- Born: 30 October 1864 Stoke
- Died: 8 March 1945 (aged 80) Hurstpierpoint

= Ethel Sykes =

British teacher and writer (1864–1945)

Ethel Sykes or Ethel Rosalie Sykes (30 October 1864 – 8 March 1945) was a British teacher and writer. She managed the thousands of women who worked at Lloyds Bank during the first world war. She was retained when many of them were laid off as the soldiers returned.

==Life==
Sykes was born in Stoke. Her parents were Army chaplain Rev. William Sykes (born 1829) and his wife Mary, daughter of Captain Anthony Oliver Molesworth, of the Royal Artillery, descended from Robert Molesworth, 1st Viscount Molesworth. Her father was honorary chaplain to Queen Victoria. Her sister Ella Sykes was a traveller and writer, and their only brother Percy Sykes became a brigadier, diplomat and writer. Her father, William was the second son of Richard Sykes, of Edgeley House, Stockport, owner of the Sykes Bleaching Company; Percy Sykes was thus the nephew of Richard Sykes the rugby player who founded towns in America, and cousin of Sir Alan Sykes, 1st Baronet who was MP for Knutsford, Cheshire.
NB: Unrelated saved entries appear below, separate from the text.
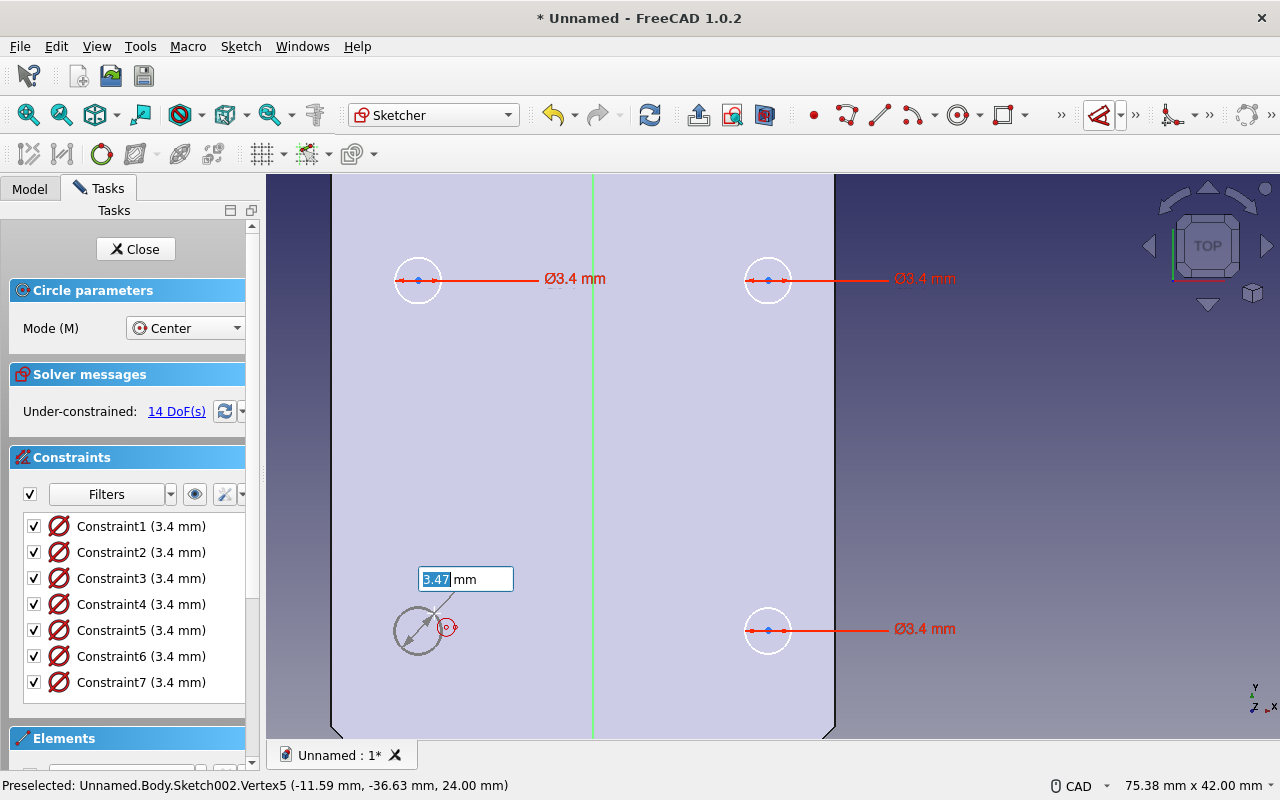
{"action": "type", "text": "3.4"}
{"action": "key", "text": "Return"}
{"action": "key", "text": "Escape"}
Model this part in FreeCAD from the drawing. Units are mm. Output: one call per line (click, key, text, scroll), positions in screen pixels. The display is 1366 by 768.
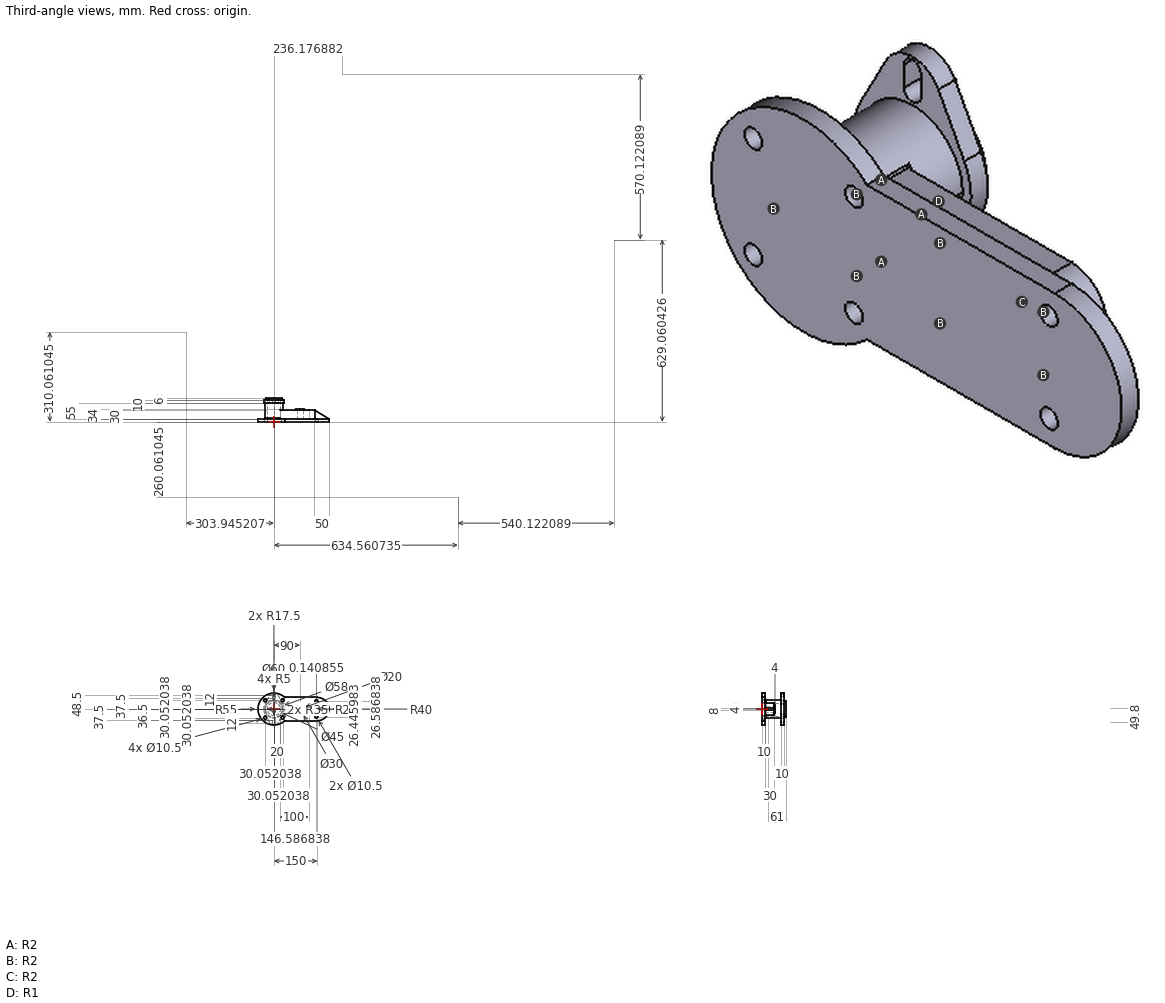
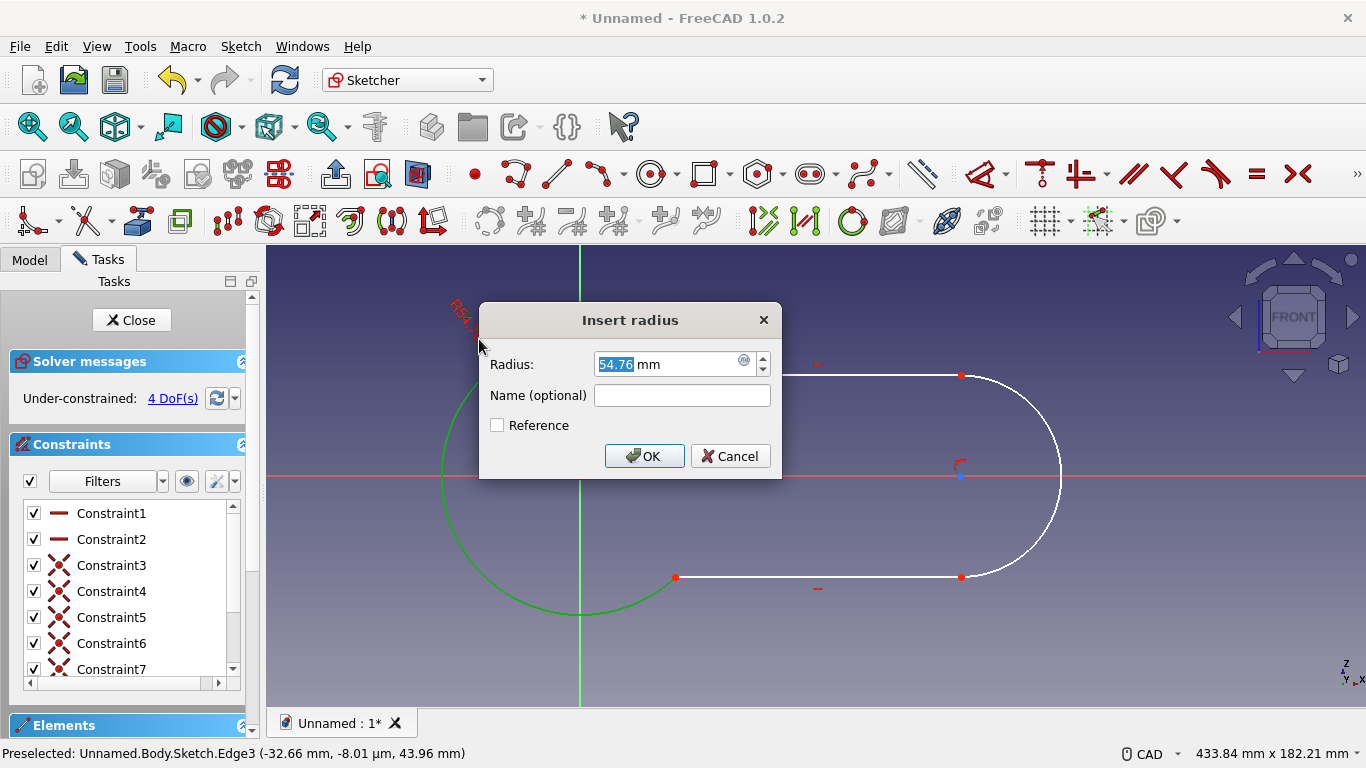
text(55)
key(Return)

She was educated at Plymouth High School and then the boarding school Royal School for Daughters of Officers of the Army in Bath. She then joined the recently opened Oxford college for women Lady Margaret Hall in 1881 and left in 1884. Her sister who had a nearly identical education left in 1883.
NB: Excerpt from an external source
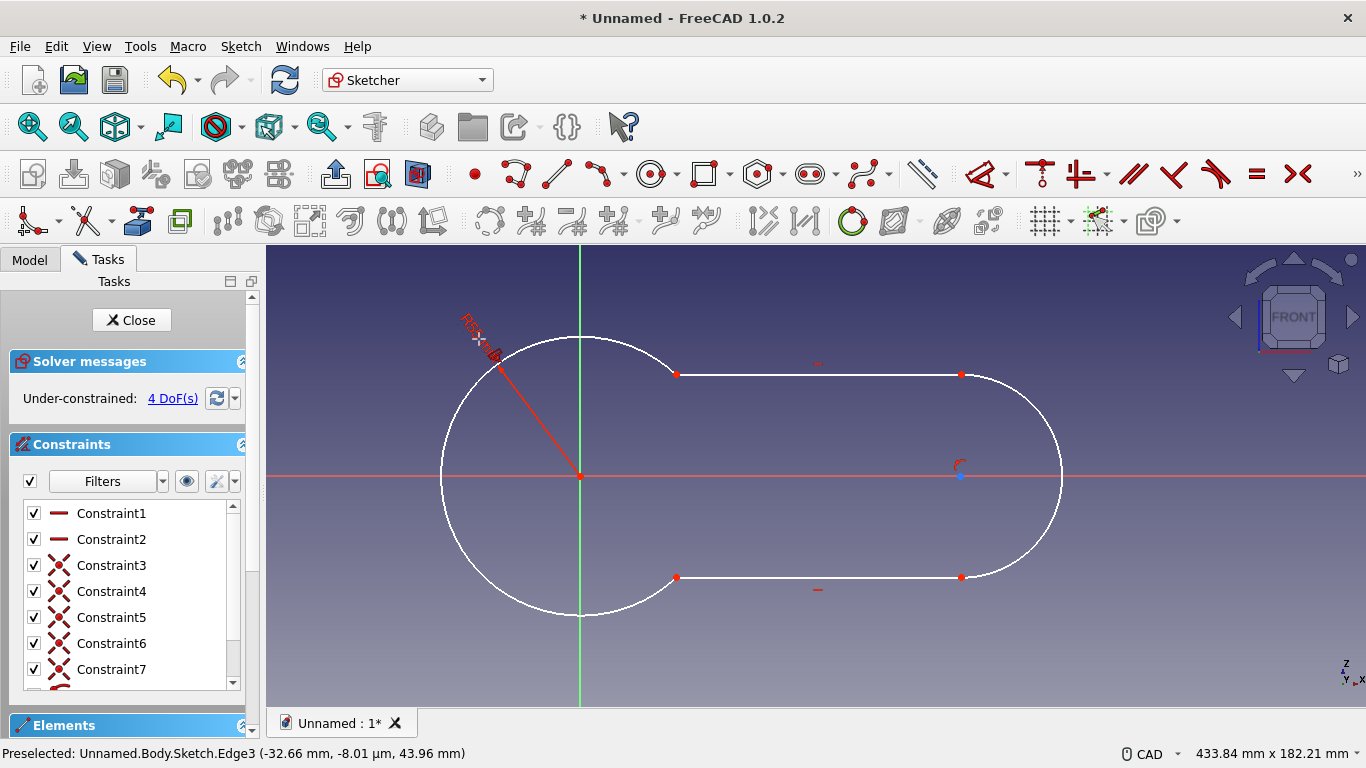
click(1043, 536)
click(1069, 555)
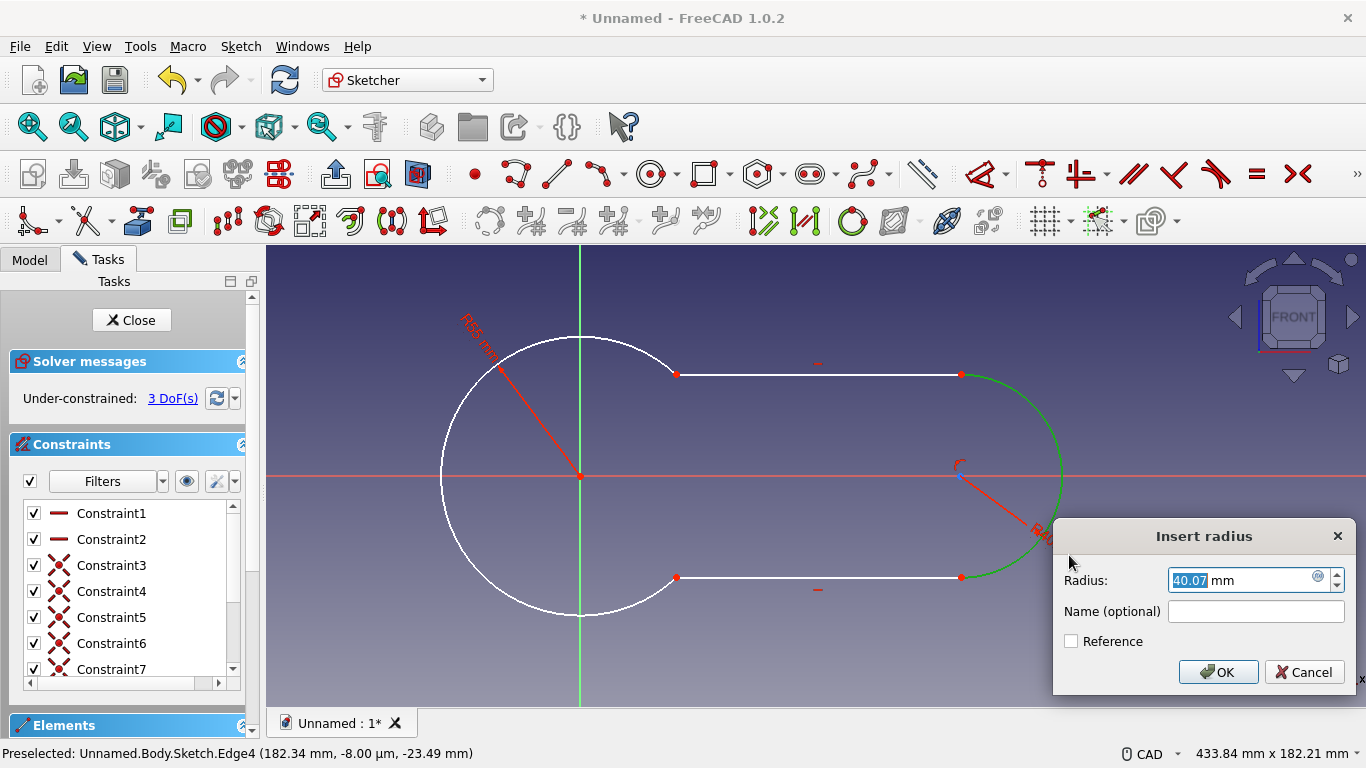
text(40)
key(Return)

She had enough money that she did not need to work, but in 1910 she got a job teaching at the recently renamed Queen Mary College in Lahore. She would be there until 1912.

In 1915 she published Readings from Indian History for Boys and Girls in two volumes. In 1917 she was appointed by Lloyds Bank to be their "supervisor of women". This was a time of change as the pre-war small number of women employees was swelled during the war as 3,300 women took on the jobs made available by men being recruited into the forces. At the end of the war the situation was reversed and women would no longer be recruited as clerks. By 1920 there was about 1,500 women employees and they were generally filing and typing. She did charity work at what was St Mary Abbots Hospital and she represented Lady Margaret Hall on the University Women's Club in London - where women could have a "gentleman's club".

Sykes died in a nursing home in Hurstpierpoint and she left a substantial legacy to the sisterhood at Oxford Mission Church in what is now Bangladesh.